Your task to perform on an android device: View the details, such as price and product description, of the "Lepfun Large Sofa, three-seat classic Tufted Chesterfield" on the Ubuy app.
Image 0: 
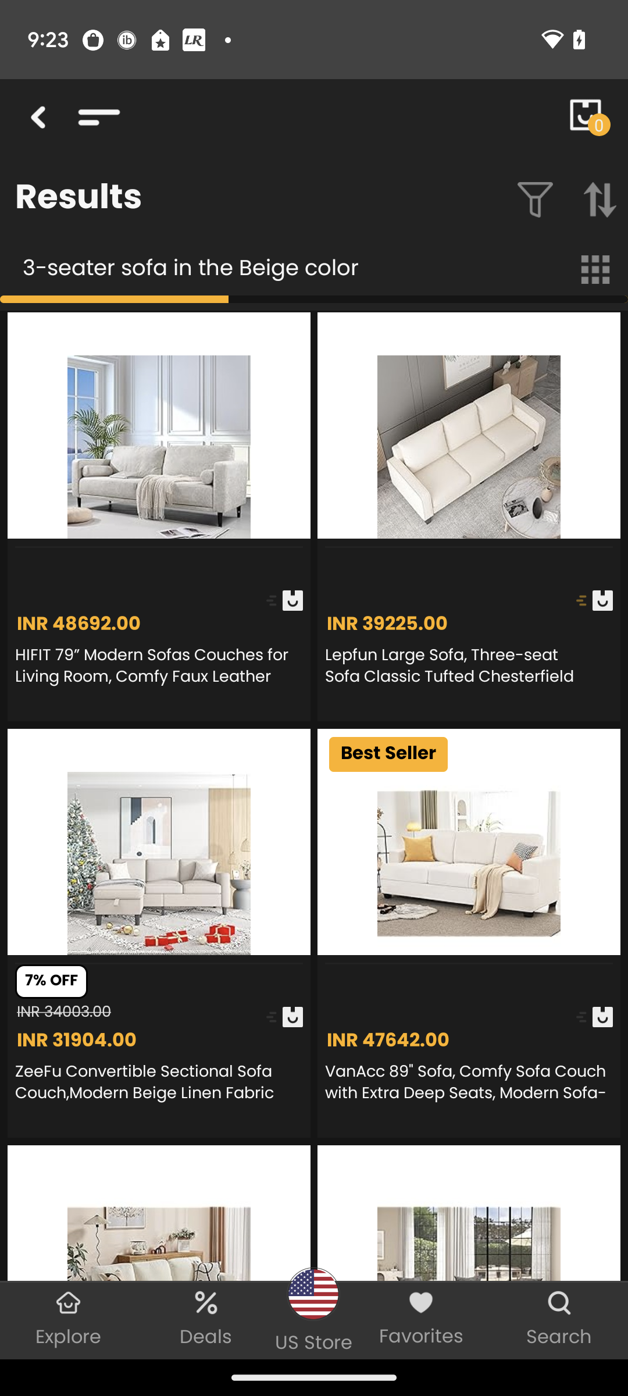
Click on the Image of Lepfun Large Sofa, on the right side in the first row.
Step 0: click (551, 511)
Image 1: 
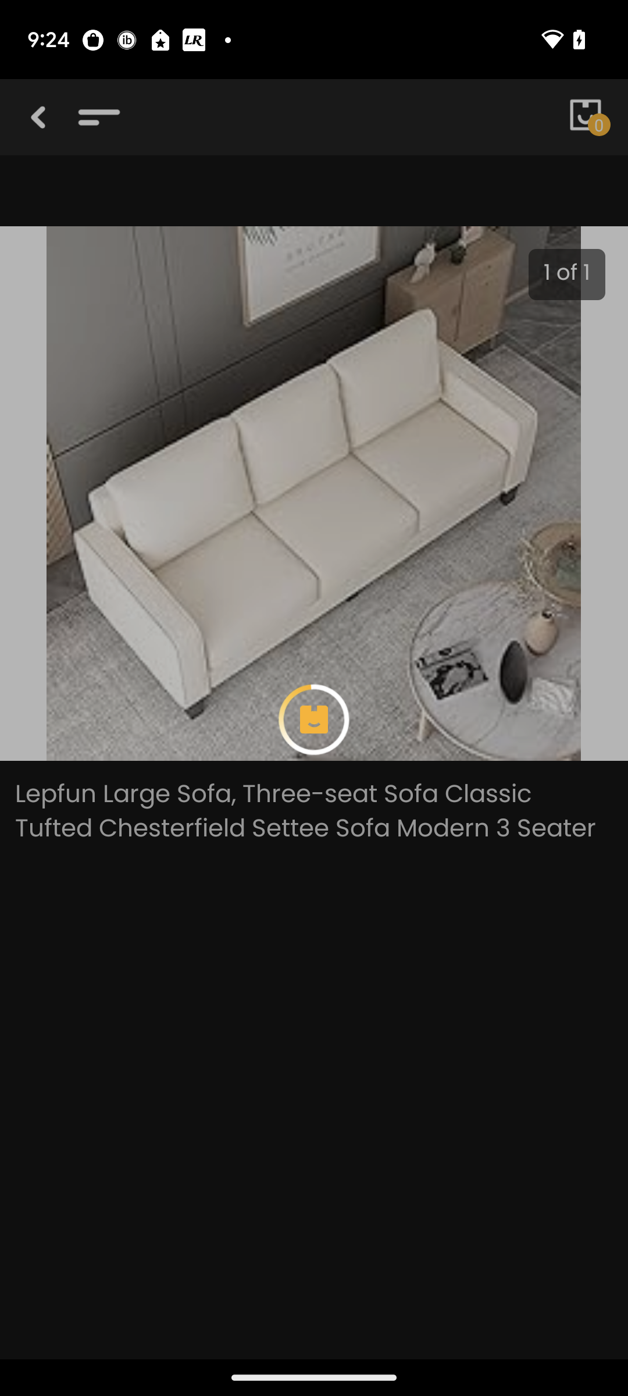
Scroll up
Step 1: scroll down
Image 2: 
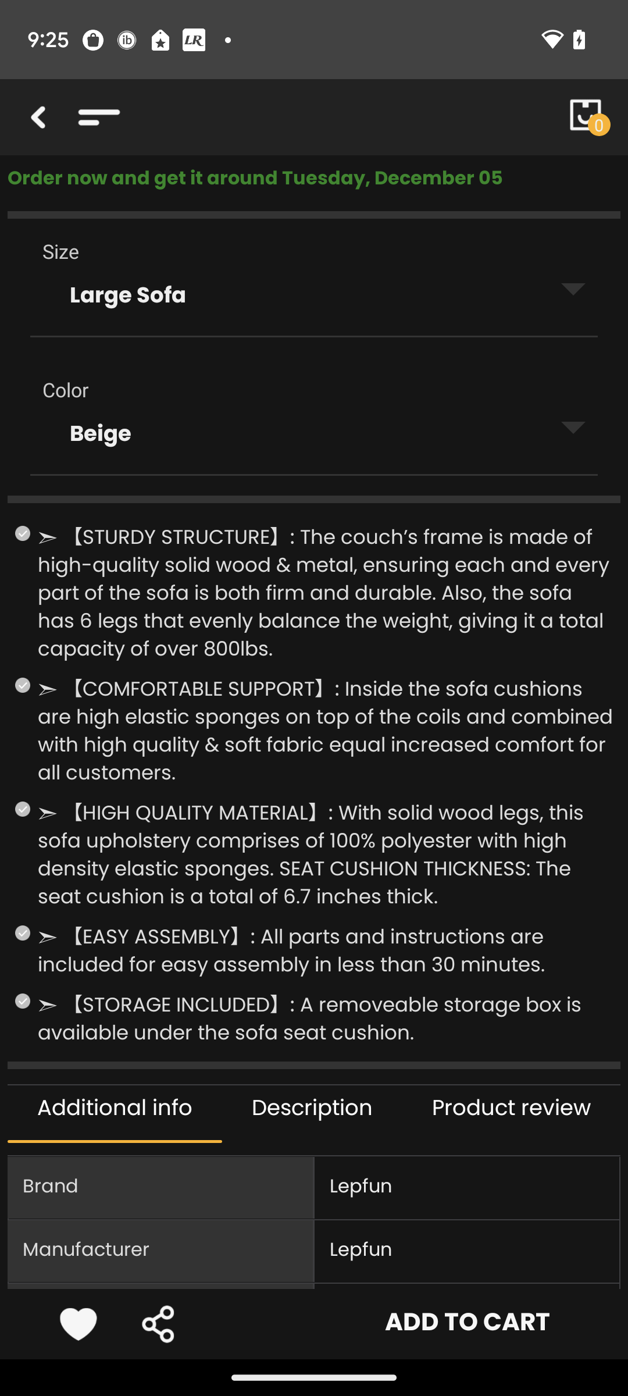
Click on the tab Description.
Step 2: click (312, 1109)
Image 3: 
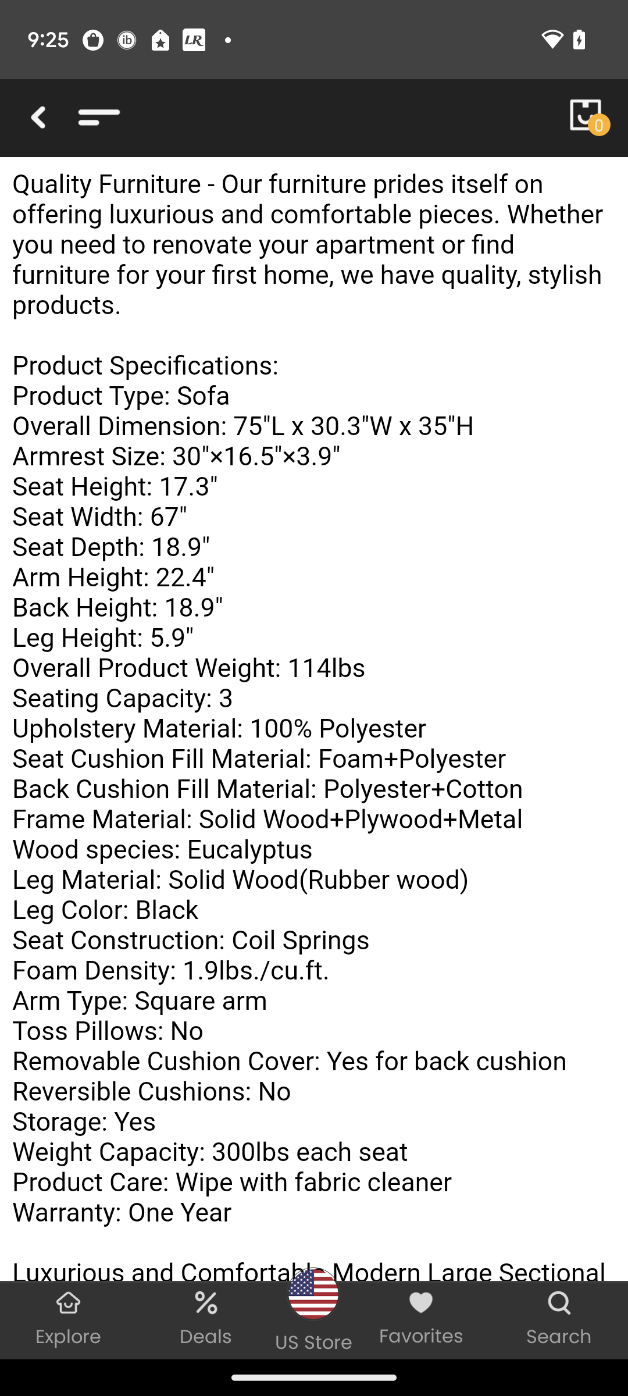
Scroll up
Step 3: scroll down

* _The task_
From the first line to the last, retype the data exactly, but omit every image.

* _Completed task_
Your task to perform on an android device: View the details, such as price and product description, of the "Lepfun Large Sofa, three-seat classic Tufted Chesterfield" on the Ubuy app.
Image 0: 
Click on the Image of Lepfun Large Sofa, on the right side in the first row.
Step 0: click (551, 511)
Image 1: 
Scroll up
Step 1: scroll down
Image 2: 
Click on the tab Description.
Step 2: click (312, 1109)
Image 3: 
Scroll up
Step 3: scroll down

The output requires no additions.